Anche per *london calling*. Comincio a pensare che sono in minoranza, perché ho sempre considerato _twilight _come una descrizione della luce serale. Forse perché al tramonto siamo svegli, mentre all'alba o dormiamo o non abbiamo tempo per riflettere su questi fenomeni.


----------



## Akire72

In Toscana abbiamo una parola specifica per twilight: *bruzzico *(brùzzico). Purtoppo nella lingua italiana moderna molte parole dell'italiano antico/fiorentino si sono perse, ma bruzzico è proprio quella penombra che precede l'alba e che c'è fra il tramonto e la notte.

Es. Mi sono svegliata a bruzzico (= prima dell'alba quando inizia il prmo chiarore)/Non ce l'ho fatta a fare quel lavoro in giardino ieri, son tornata che era già bruzzico (quasi buio ma non proprio).


----------



## Nerino

Akire, con tutto il dispiacere che posso avere anch'io per la perdita di parole antiche, senza offesa, non è che bruzzico sia proprio il massimo dell'eufonia!  Ciao!


----------



## Akire72

E chi siamo noi per giudicare l'eufonia o la cacofonia di una parola? Ce ne sono anche di peggio in italiano.  Il risultato è che _a voi italiani _vi tocca fare un giro di parole assurdo! 
Comunque ho trovato questa definizione sul dizionario Hoepli... Non tutto è perduto alora, via!


----------



## Andrealeo

Salve a tutti,

Mi dispiace resuscitare un thread dopo alcuni anni, ma anche io mi sono imbattuto in questo dilemma e vorrei far notare cosa dice Wikipedia alla voce Aurora:



> L'*aurora* è l'intervallo di tempo che segue l'alba e che precede il sorgere del sole, nonché l'aspetto che il cielo orientale ha in quel periodo di tempo



E se ci pensate ha anche senso etimologicamente: all'alba il cielo si schiarisce, all'aurora diventa dorato.

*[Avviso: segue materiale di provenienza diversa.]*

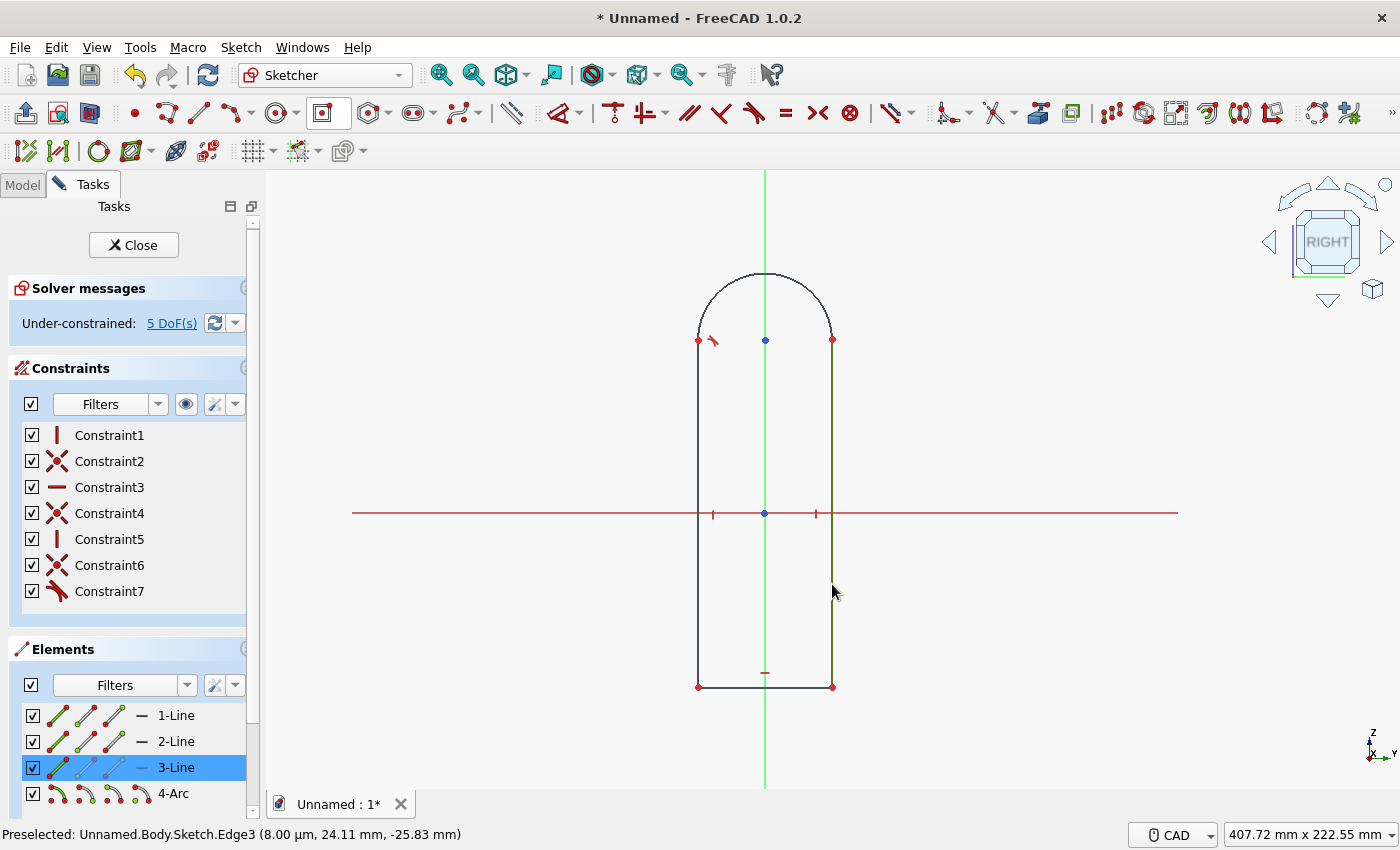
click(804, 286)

E se guardiamo il crepuscolo:


> Il *crepuscolo* è l'intervallo di tempo prima del sorgere del Sole, o dopo il tramonto, caratterizzato dalla permanenza dal chiarore dovuto alla diffusione da parte dell'atmosfera della luce del Sole.



Così le traduzioni corrette sembrano essere:

Dawn - Alba
(Morning) Twilight - Aurora
Sunrise - "sorgere del sole"
Sunset - Tramonto
(Evening) Twilight - Crepuscolo
Dusk - ?

PS: anche io ero convinto che alba e aurora fossero invertite.


----------



## Linnets

Andrealeo said:


> Dawn - Alba
> (Morning) Twilight - Aurora
> Sunrise - "sorgere del sole"
> Sunset - Tramonto
> (Evening) Twilight - Crepuscolo
> Dusk - ?


Non sono d'accordo, dopo delle ricerche sono giunto a questo:

dawn – _albore_, _albeggiamento_, _prime luci dell'alba, _"_bruzzico_";
(morning) twilight – _alba_, _crepuscolo _(_mattutino_);
end of morning twilight, crack of dawn – _aurora_ (periodo immediatamente precedente la levata del Sole);
sunrise – _levata_ (_del Sole_), _sorgere_ (_del Sole_);
sunset – _tramonto;_
(evening) twilight – _crepuscolo_ (_serale_);
dusk – _ultime luci del giorno._


----------



## Pietruzzo

Linnets said:


> dawn – _albore_, _albeggiamento_, _prime luci dell'alba, _"_bruzzico_";


Thanks for "bruzzico". Never heard of that.
However, I think many people (I for one) call the sunrise "alba". To me "dall'alba al tramonto" means "from sunrise to sunset".


----------



## Linnets

Pietruzzo said:


> Thanks for "bruzzico". Never heard of that.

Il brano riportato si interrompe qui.